L’Intervento/ Superata la crisi occupazionale da Covid, restano i problemi strutturali

La crisi occupazionale si è arrestata grazie al tempestivo intervento del governo e della Banca Centrale Europea, alla campagna vaccinale e alla ripresa economica mondiale.

Il numero di occupati è ancora inferiore al periodo pre-pandemia di 115mila unità, a febbraio 2020 il numero di occupati era 23,17 milioni e nel novembre del 2021 era 23,06, il mercato del lavoro italiano dovrebbe generare ancora 115mila posti di lavoro per tornare ai livelli pre pandemici, anche se, non è stato il Covid a distruggere quei posti di lavoro ma la struttura della popolazione italiana.

L’Istat, evidenzia un progressivo invecchiamento della popolazione, con un calo nella fascia dai 15 ai 49 anni di circa -1,7% annuo, pari a oltre 400 mila persone, dovuto alla fuoriuscita dei 49enni, non compensata dall’ingresso di 15enni, contemporaneamente si rileva la crescita della classe 50-64 anni, mediamente +1,2% annuo, pari a circa 150 mila persone.

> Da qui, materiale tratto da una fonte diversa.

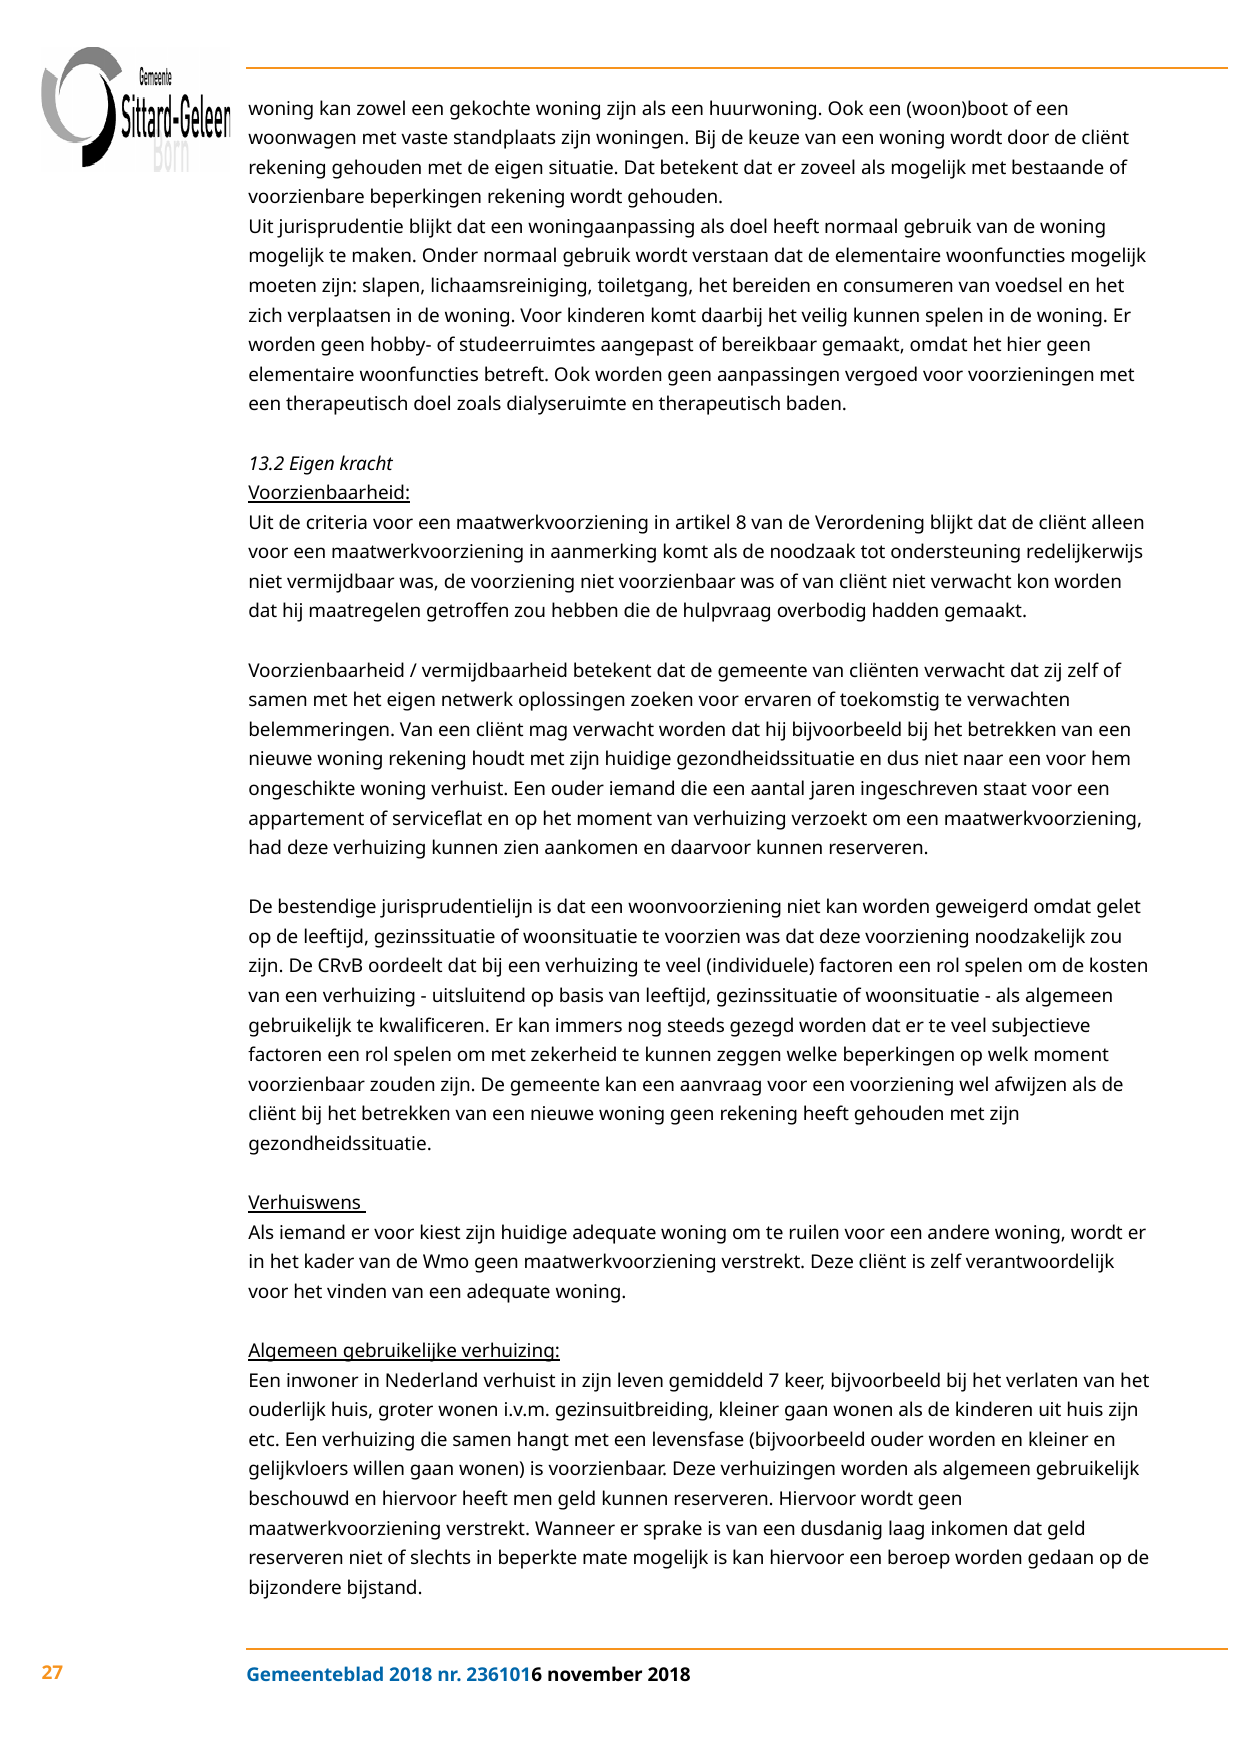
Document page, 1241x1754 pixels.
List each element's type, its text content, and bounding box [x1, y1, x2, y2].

picture [41, 47, 231, 172]
text woning kan zowel een gekochte woning zijn als een huurwoning. Ook een (woon)boot of een woonwagen met vaste standplaats zijn woningen. Bij de keuze van een woning wordt door de cliënt rekening gehouden met de eigen situatie. Dat betekent dat er zoveel als mogelijk met bestaande of voorzienbare beperkingen rekening wordt gehouden. [248, 95, 1152, 209]
text Voorzienbaarheid / vermijdbaarheid betekent dat de gemeente van cliënten verwacht dat zij zelf of samen met het eigen netwerk oplossingen zoeken voor ervaren of toekomstig te verwachten belemmeringen. Van een cliënt mag verwacht worden dat hij bijvoorbeeld bij het betrekken van een nieuwe woning rekening houdt met zijn huidige gezondheidssituatie en dus niet naar een voor hem ongeschikte woning verhuist. Een ouder iemand die een aantal jaren ingeschreven staat voor een appartement of serviceflat en op het moment van verhuizing verzoekt om een maatwerkvoorziening, had deze verhuizing kunnen zien aankomen en daarvoor kunnen reserveren. [248, 657, 1152, 860]
text Een inwoner in Nederland verhuist in zijn leven gemiddeld 7 keer, bijvoorbeeld bij het verlaten van het ouderlijk huis, groter wonen i.v.m. gezinsuitbreiding, kleiner gaan wonen als de kinderen uit huis zijn etc. Een verhuizing die samen hangt met een levensfase (bijvoorbeeld ouder worden en kleiner en gelijkvloers willen gaan wonen) is voorzienbaar. Deze verhuizingen worden als algemeen gebruikelijk beschouwd en hiervoor heeft men geld kunnen reserveren. Hiervoor wordt geen maatwerkvoorziening verstrekt. Wanneer er sprake is van een dusdanig laag inkomen dat geld reserveren niet of slechts in beperkte mate mogelijk is kan hiervoor een beroep worden gedaan op de bijzondere bijstand. [248, 1367, 1152, 1600]
text Als iemand er voor kiest zijn huidige adequate woning om te ruilen voor een andere woning, wordt er in het kader van de Wmo geen maatwerkvoorziening verstrekt. Deze cliënt is zelf verantwoordelijk voor het vinden van een adequate woning. [248, 1219, 1152, 1304]
text Verhuiswens [248, 1189, 1152, 1215]
text Uit jurisprudentie blijkt dat een woningaanpassing als doel heeft normaal gebruik van de woning mogelijk te maken. Onder normaal gebruik wordt verstaan dat de elementaire woonfuncties mogelijk moeten zijn: slapen, lichaamsreiniging, toiletgang, het bereiden en consumeren van voedsel en het zich verplaatsen in de woning. Voor kinderen komt daarbij het veilig kunnen spelen in de woning. Er worden geen hobby- of studeerruimtes aangepast of bereikbaar gemaakt, omdat het hier geen elementaire woonfuncties betreft. Ook worden geen aanpassingen vergoed voor voorzieningen met een therapeutisch doel zoals dialyseruimte en therapeutisch baden. [248, 213, 1152, 416]
text 13.2 Eigen kracht [248, 450, 1152, 476]
text Uit de criteria voor een maatwerkvoorziening in artikel 8 van de Verordening blijkt dat de cliënt alleen voor een maatwerkvoorziening in aanmerking komt als de noodzaak tot ondersteuning redelijkerwijs niet vermijdbaar was, de voorziening niet voorzienbaar was of van cliënt niet verwacht kon worden dat hij maatregelen getroffen zou hebben die de hulpvraag overbodig hadden gemaakt. [248, 509, 1152, 623]
text Voorzienbaarheid: [248, 479, 1152, 505]
text Algemeen gebruikelijke verhuizing: [248, 1337, 1152, 1363]
text De bestendige jurisprudentielijn is dat een woonvoorziening niet kan worden geweigerd omdat gelet op de leeftijd, gezinssituatie of woonsituatie te voorzien was dat deze voorziening noodzakelijk zou zijn. De CRvB oordeelt dat bij een verhuizing te veel (individuele) factoren een rol spelen om de kosten van een verhuizing - uitsluitend op basis van leeftijd, gezinssituatie of woonsituatie - als algemeen gebruikelijk te kwalificeren. Er kan immers nog steeds gezegd worden dat er te veel subjectieve factoren een rol spelen om met zekerheid te kunnen zeggen welke beperkingen op welk moment voorzienbaar zouden zijn. De gemeente kan een aanvraag voor een voorziening wel afwijzen als de cliënt bij het betrekken van een nieuwe woning geen rekening heeft gehouden met zijn gezondheidssituatie. [248, 893, 1152, 1156]

La fascia  d’età compresa tra 15 e 64 anni è diminuita di quasi 250mila persone, il calo degli occupati è la conseguenza della diminuzione del numero di persone in età lavorativa, unica nota positiva il calo degli occupati è meno marcato del calo della popolazione tra i 15 e 64 anni, la popolazione in età lavorativa è diminuita più del totale degli occupati, quindi il tasso di occupazione è cresciuto, di conseguenza i 115 mila posti di lavoro in meno non sono il segno di un mercato del lavoro che soffre di crisi pandemica ma  per l’invecchiamento della popolazione, il rallentamento dei flussi migratori e il calo delle nascite.

L’occupazione giovanile, è al top da 10 anni per i 25-34 anni, ma nettamente inferiore alla media pre-2008 quando era al 70% ed è lontanissima dalla media europea, quel che è peggio la percentuale di giovani d’età compresa tra i 15 e 29 anni (NEET) non in istruzione, formazione o occupazione a fine 2019 era la più alta d’Europa (22%) come nel secondo trimestre del 2021 (23,4%), numeri lontanissimi dalla media europea che è rimasta stabile intorno al 13%.

Enormi sono i divari regionali,infatti, nel 2019 il tasso di occupazione tra le regioni italiane varia dal 70,4% dell’Emilia-Romagna al 41,1% della Sicilia.

Se ci confrontiamo con l’Europa, facciamo figure barbine infatti a fine 2020 il tasso d’occupazione dell’Italia era 58,1%, mentre il tasso tedesco era al 76,2% e la media europea era al 67,6%, differenza non spiegabile con la pandemia visto che nel 2019 il tasso di occupazione italiano era del 59%.

Nei prossimi anni la popolazione in età lavorativa diminuirà ancora generando squilibri nel sistema pensionistico, ammesso e non concesso che il governo possa incentivare il tasso di natalità, i risultati arriveranno solo nel lungo periodo, l’unica soluzione nel breve-medio termine,poco accettata da tanti pseudo patrioti, rimarrà consentire l’ingresso in Italia di lavoratori stranieri non comunitari.

Dai dati Istat si evince la fine dell’emergenza lavorativa generata dalla pandemia, adesso è arrivato il momento di guardare al di là dell’emergenza e focalizzarsi sulle debolezze strutturali del mercato del lavoro.